- **Task item**: Leave out the images and output the records word for word.

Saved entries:
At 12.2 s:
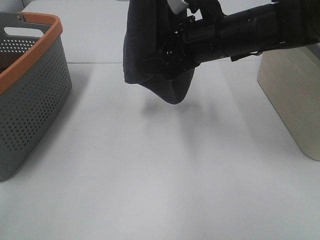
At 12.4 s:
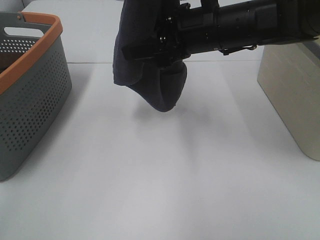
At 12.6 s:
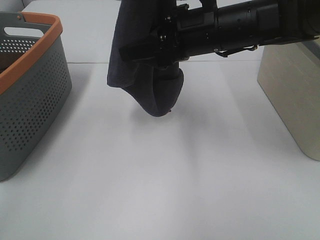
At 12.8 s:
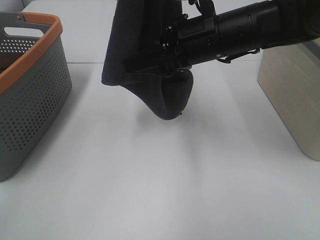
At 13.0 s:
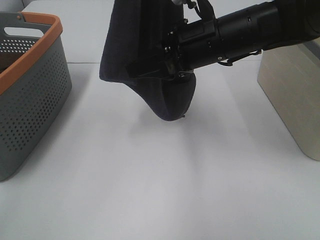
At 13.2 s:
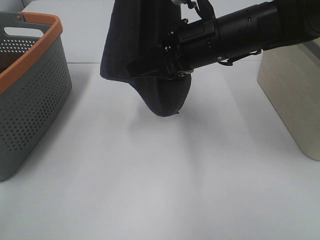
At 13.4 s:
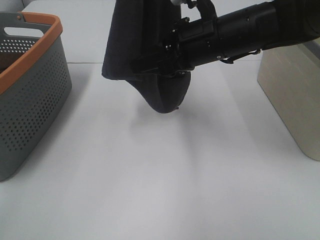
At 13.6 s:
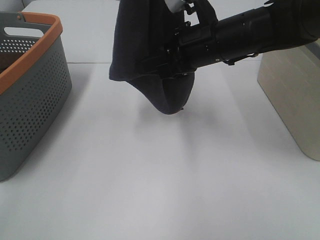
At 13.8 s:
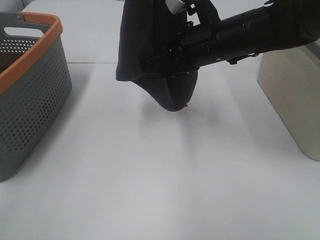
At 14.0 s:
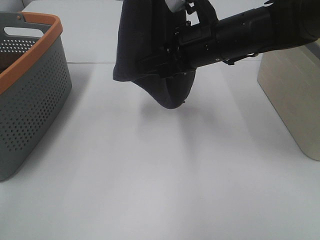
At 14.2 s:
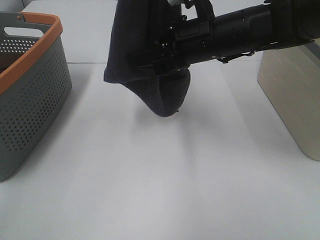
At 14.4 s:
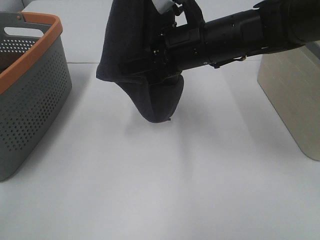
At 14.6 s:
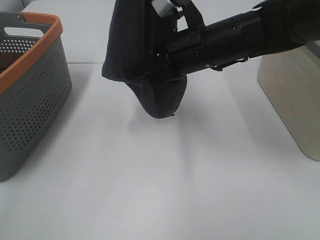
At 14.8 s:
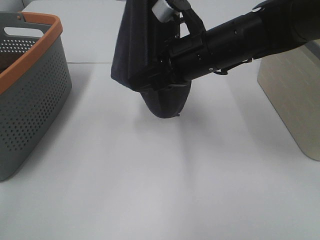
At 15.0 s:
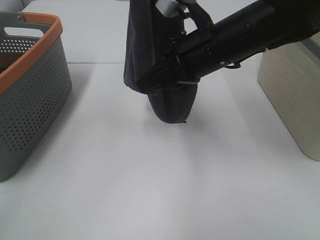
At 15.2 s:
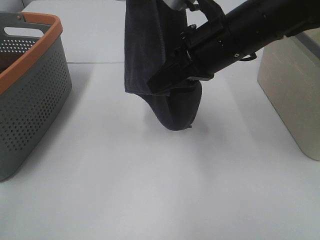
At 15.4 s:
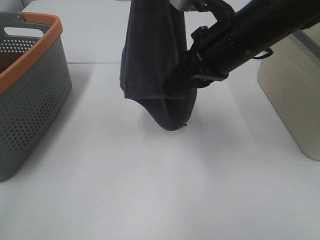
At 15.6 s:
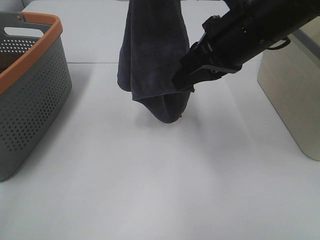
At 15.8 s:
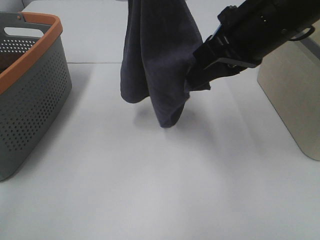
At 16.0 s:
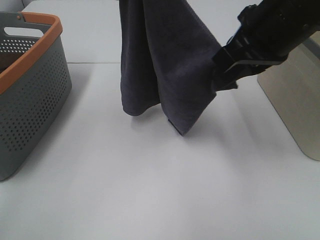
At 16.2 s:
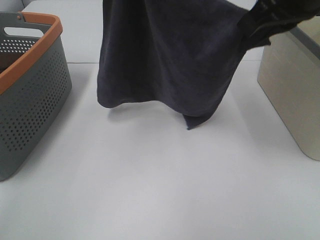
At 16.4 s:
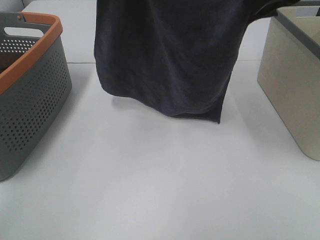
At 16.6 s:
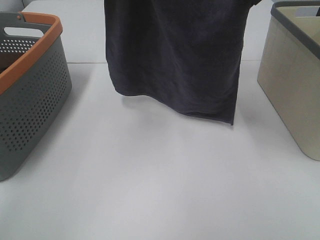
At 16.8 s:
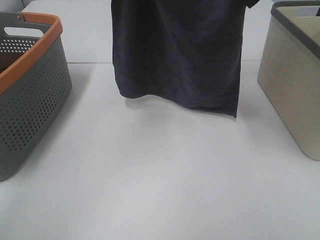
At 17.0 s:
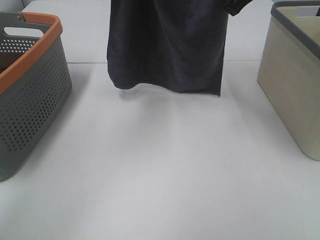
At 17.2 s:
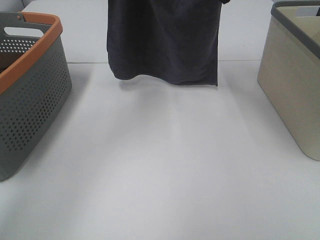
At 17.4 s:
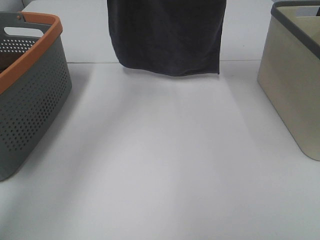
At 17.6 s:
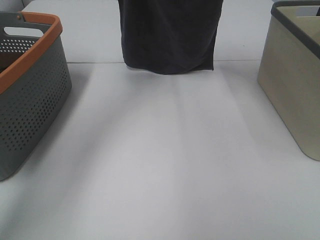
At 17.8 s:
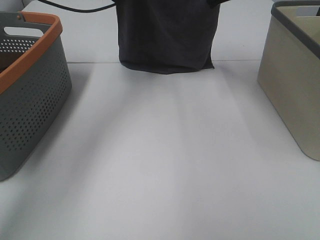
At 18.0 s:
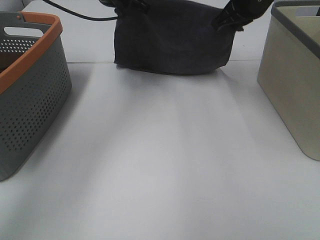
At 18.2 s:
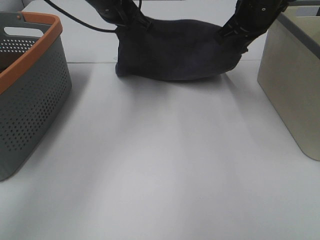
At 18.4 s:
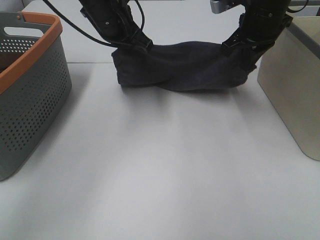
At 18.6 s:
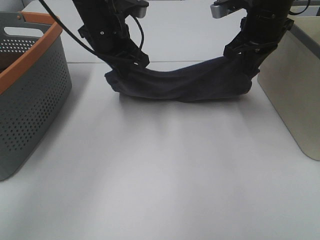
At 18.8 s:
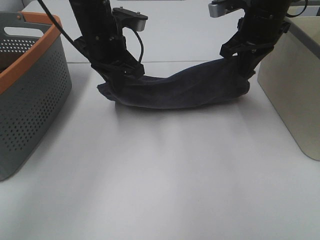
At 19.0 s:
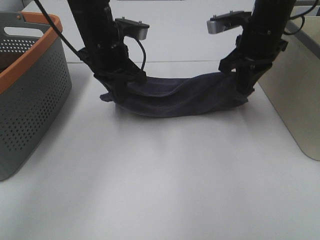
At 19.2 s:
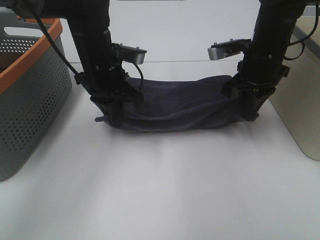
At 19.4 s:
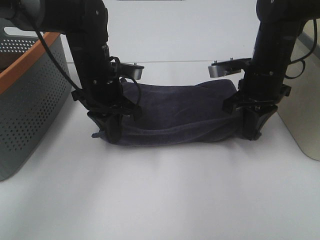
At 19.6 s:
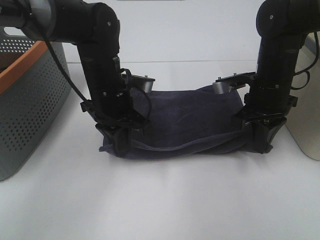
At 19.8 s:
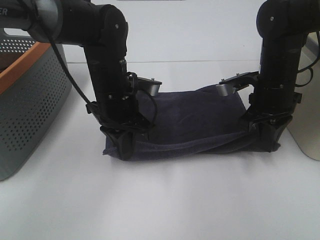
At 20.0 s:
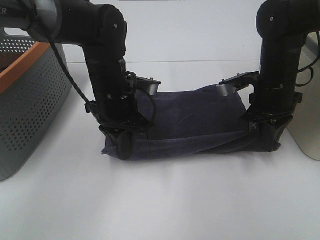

- **Solution to the exercise**:
At 12.2 s:
At 12.4 s:
At 12.6 s:
At 12.8 s:
At 13.0 s:
At 13.2 s:
At 13.4 s:
At 13.6 s:
At 13.8 s:
At 14.0 s:
At 14.2 s:
At 14.4 s:
At 14.6 s:
At 14.8 s:
At 15.0 s:
At 15.2 s:
At 15.4 s:
At 15.6 s:
At 15.8 s:
At 16.0 s:
At 16.2 s:
At 16.4 s:
At 16.6 s:
At 16.8 s:
At 17.0 s:
At 17.2 s:
At 17.4 s:
At 17.6 s:
At 17.8 s:
At 18.0 s:
At 18.2 s:
At 18.4 s:
At 18.6 s:
At 18.8 s:
At 19.0 s:
At 19.2 s:
At 19.4 s:
At 19.6 s:
At 19.8 s:
At 20.0 s:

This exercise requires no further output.